The current research on the wind resistance of standing seam metal roofs primarily focuses on the failure modes of the entire roof panel and the contact areas between the seams and supports, with little consideration given to the synergy between the roof seam reinforcements, the web, and the supports. As a result, the failure mechanisms of roof systems cannot be accurately represented. This paper, based on wind uplift tests and ABAQUS simulation modeling, provides a detailed analysis of the wind resistance and failure mechanisms of reinforced standing seam metal roof systems. The study reveals that the deformation and failure of the roof system under wind load can be divided into three stages: elastic deformation, plastic deformation, and failure. In the elastic deformation stage, the areas with higher stress are mainly distributed in the mid-span of the roof panels and along the ribs, where the roof stress remains below the material's yield strength, and the displacement at the roof panel seams is minimal. During the plastic deformation stage, as the load increases, significant vertical deformations appear in the roof panels, the lateral displacement at the seams gradually increases, and the stress growth is pronounced.
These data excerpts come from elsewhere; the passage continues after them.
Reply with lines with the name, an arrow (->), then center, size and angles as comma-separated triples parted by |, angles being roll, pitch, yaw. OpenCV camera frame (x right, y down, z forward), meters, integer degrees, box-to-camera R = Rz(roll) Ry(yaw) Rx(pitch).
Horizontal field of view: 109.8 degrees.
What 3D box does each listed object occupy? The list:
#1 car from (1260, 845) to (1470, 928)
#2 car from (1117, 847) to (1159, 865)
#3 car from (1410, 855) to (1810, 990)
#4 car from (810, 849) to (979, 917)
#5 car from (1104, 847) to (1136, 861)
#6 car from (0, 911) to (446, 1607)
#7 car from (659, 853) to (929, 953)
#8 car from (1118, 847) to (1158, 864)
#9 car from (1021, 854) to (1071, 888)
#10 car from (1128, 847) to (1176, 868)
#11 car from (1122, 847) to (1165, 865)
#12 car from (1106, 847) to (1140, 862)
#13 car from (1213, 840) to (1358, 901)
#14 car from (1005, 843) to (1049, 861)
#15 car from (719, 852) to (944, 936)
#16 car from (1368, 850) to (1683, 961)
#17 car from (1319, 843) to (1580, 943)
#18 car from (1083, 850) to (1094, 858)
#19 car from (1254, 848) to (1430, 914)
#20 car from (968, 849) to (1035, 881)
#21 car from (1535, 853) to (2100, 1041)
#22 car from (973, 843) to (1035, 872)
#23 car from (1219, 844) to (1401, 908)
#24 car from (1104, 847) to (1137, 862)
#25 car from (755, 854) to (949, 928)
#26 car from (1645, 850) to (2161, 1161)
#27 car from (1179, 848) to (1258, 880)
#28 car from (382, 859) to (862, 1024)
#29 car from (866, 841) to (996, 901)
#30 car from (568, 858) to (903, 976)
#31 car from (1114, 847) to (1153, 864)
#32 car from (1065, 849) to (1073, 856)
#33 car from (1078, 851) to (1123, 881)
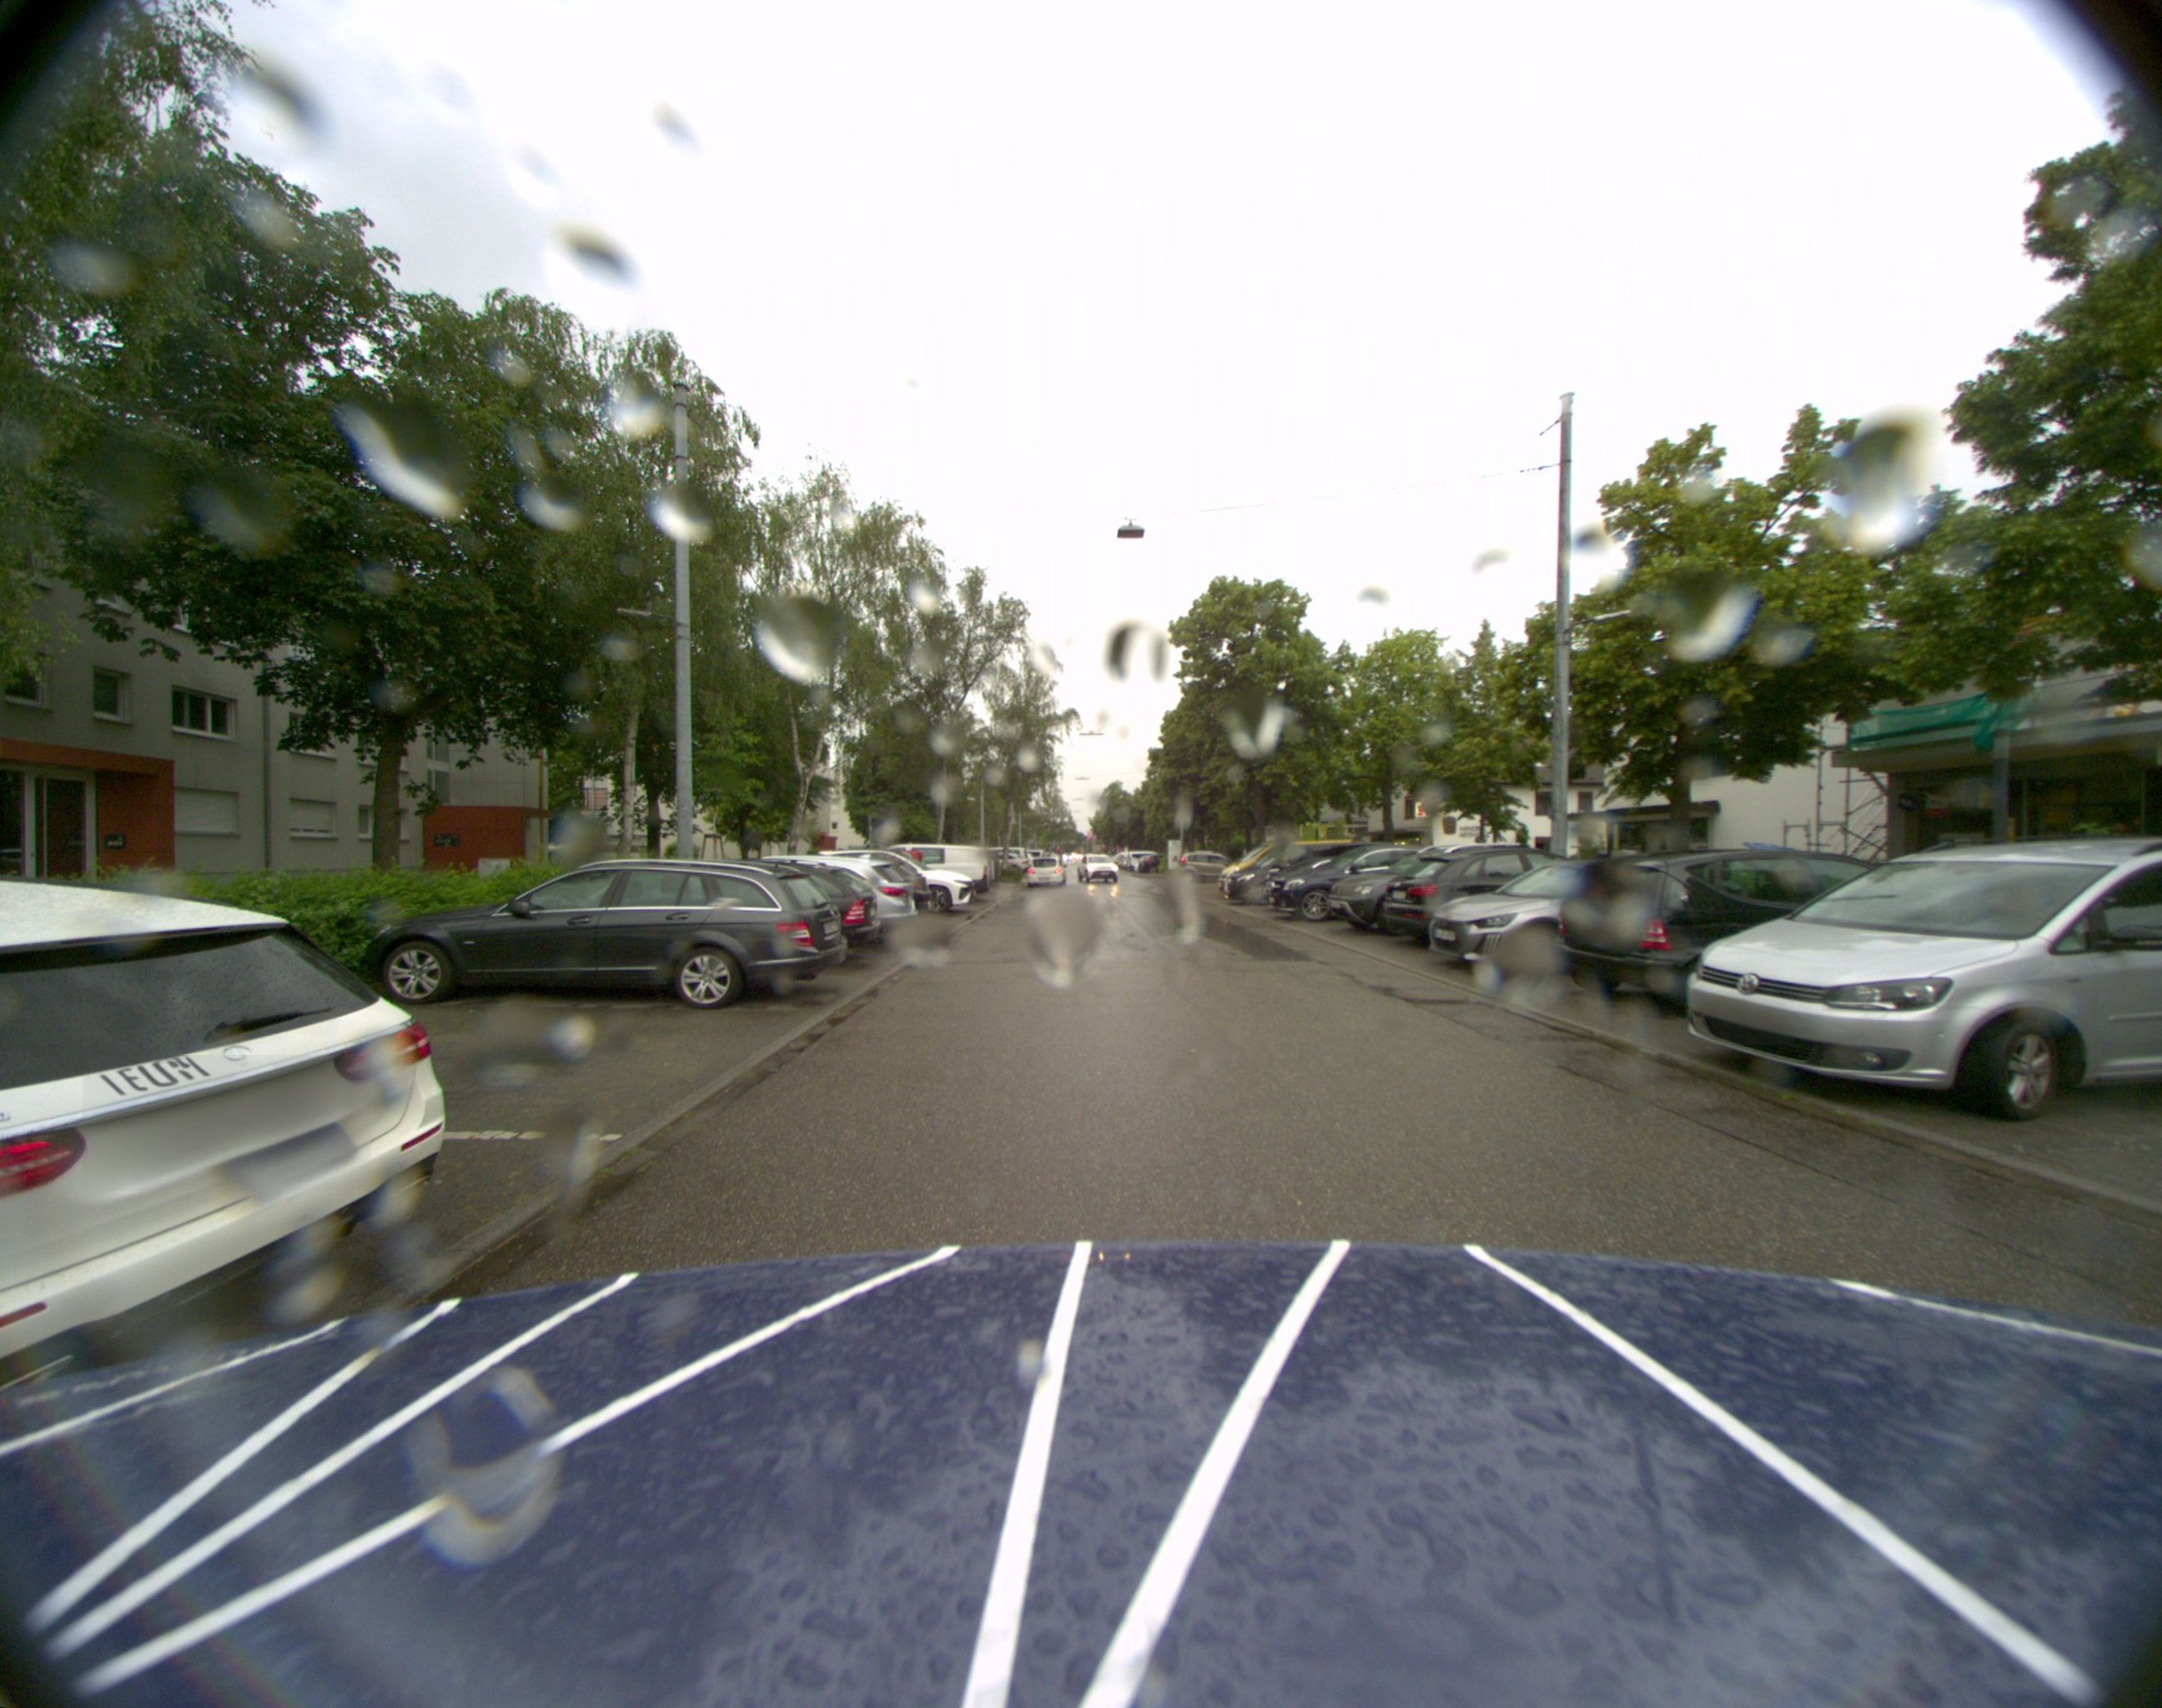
car -> 6.601, 0.717, 17.946 | 4.283, 1.717, 1.715 | -2, 1, -2
car -> 5.840, 0.239, 78.403 | 3.998, 1.675, 1.999 | -2, 1, -3
car -> 6.989, 0.845, 10.317 | 4.283, 1.523, 1.715 | -2, 1, -2
car -> -5.048, 0.753, 20.903 | 4.179, 1.609, 1.680 | 2, 1, 1
car -> 5.203, -0.048, 101.613 | 3.998, 1.675, 1.999 | -2, 1, -3
car -> -4.755, 0.919, 2.064 | 4.623, 1.431, 1.680 | 2, 1, 0
car -> -4.861, 0.815, 13.298 | 4.049, 1.488, 1.680 | 2, 1, -3
car -> 6.029, 0.145, 81.086 | 3.998, 1.675, 1.999 | -2, 1, -3
car -> -1.651, 0.787, 37.734 | 1.998, 1.446, 4.258 | -2, 1, 3
car -> 6.386, 0.291, 68.819 | 3.998, 1.675, 1.999 | -2, 1, -3
car -> 6.186, 0.205, 75.972 | 3.998, 1.675, 1.999 | -2, 1, -3
car -> 5.217, 0.051, 94.417 | 3.998, 1.675, 1.999 | -2, 1, -3
car -> 7.181, 0.566, 26.931 | 4.657, 1.947, 1.715 | -2, 1, -2
car -> -5.287, -0.206, 75.032 | 3.995, 1.670, 1.902 | -2, 1, 4
car -> -5.001, 0.790, 15.638 | 4.049, 1.488, 1.680 | 2, 1, -3
car -> 7.263, 0.792, 12.676 | 4.283, 1.586, 1.715 | -2, 1, -2
car -> 7.084, 0.707, 14.864 | 4.283, 1.717, 1.715 | -2, 1, -2
car -> 1.536, -0.059, 158.695 | 1.999, 1.617, 3.999 | -2, 1, -1
car -> 7.156, 0.721, 21.080 | 4.283, 1.617, 1.715 | -2, 1, -2
car -> -5.114, 0.682, 49.278 | 3.995, 1.902, 1.902 | -2, 1, 4
car -> 7.254, 0.840, 7.762 | 4.283, 1.556, 1.635 | -2, 1, -2
car -> -5.464, 0.250, 54.122 | 3.995, 1.902, 1.902 | -2, 1, 4
car -> 7.112, 0.643, 23.861 | 5.177, 1.789, 1.715 | -2, 1, -2
car -> 5.026, 0.025, 96.939 | 3.998, 1.675, 1.999 | -2, 1, -3
car -> -5.274, 0.837, 17.880 | 4.049, 1.488, 1.680 | 2, 1, -3
car -> 6.619, 0.848, 5.208 | 4.283, 1.625, 1.715 | -2, 1, -2
car -> 7.541, 0.543, 41.633 | 3.992, 1.677, 1.843 | -1, 1, 18
car -> -4.613, 0.857, 8.120 | 4.049, 1.431, 1.680 | 2, 1, -3
car -> -5.084, 0.572, 26.189 | 4.182, 1.856, 1.679 | 2, 1, -6
car -> -4.820, 0.855, 11.047 | 4.049, 1.431, 1.680 | 2, 1, -3
car -> 5.785, 0.168, 83.754 | 3.998, 1.675, 1.999 | -2, 1, -3
car -> -3.006, -0.398, 193.185 | 1.998, 1.804, 3.999 | -2, 1, 1
car -> 1.044, 0.615, 42.286 | 1.735, 1.519, 4.135 | -1, 1, -9

Without reinforcement, the roof panel withstands a maximum wind pressure of 3.2 kPa, with a central vertical displacement of 109 mm, while the ultimate lateral displacement at the seams reaches 2.3 mm, resulting in unseating failure, marking the structural failure. With reinforcement, the roof panel can withstand a maximum wind pressure of 4.3 kPa, corresponding to a central vertical displacement of 122 mm. The growth of lateral displacement at the seams slows down, and the reinforcement significantly suppresses seam displacement. As the load continues to increase, the reinforcements and the web work synergistically, exhibiting reciprocating counterclockwise and clockwise rotations, with the maximum lateral displacement at the seams increasing to 3.05 mm. Ultimately, unseating occurs at the roof panel seams or tearing at the web. Therefore, the reinforcement system significantly enhances the wind resistance of the roof system, providing theoretical guidance for wind-resistant design in roofing engineering.

Keywords

Acknowledgement

The research described in this paper was financially supported by the Anhui Provincial Department of Housing and Urban-Rural Development [Grant Numbers: 2023-YF104 and 2023-YF-010] and China Construction fifth Engineering Bureau youth project funding project [Grant Numbers: cscec5b-2023-Q-02].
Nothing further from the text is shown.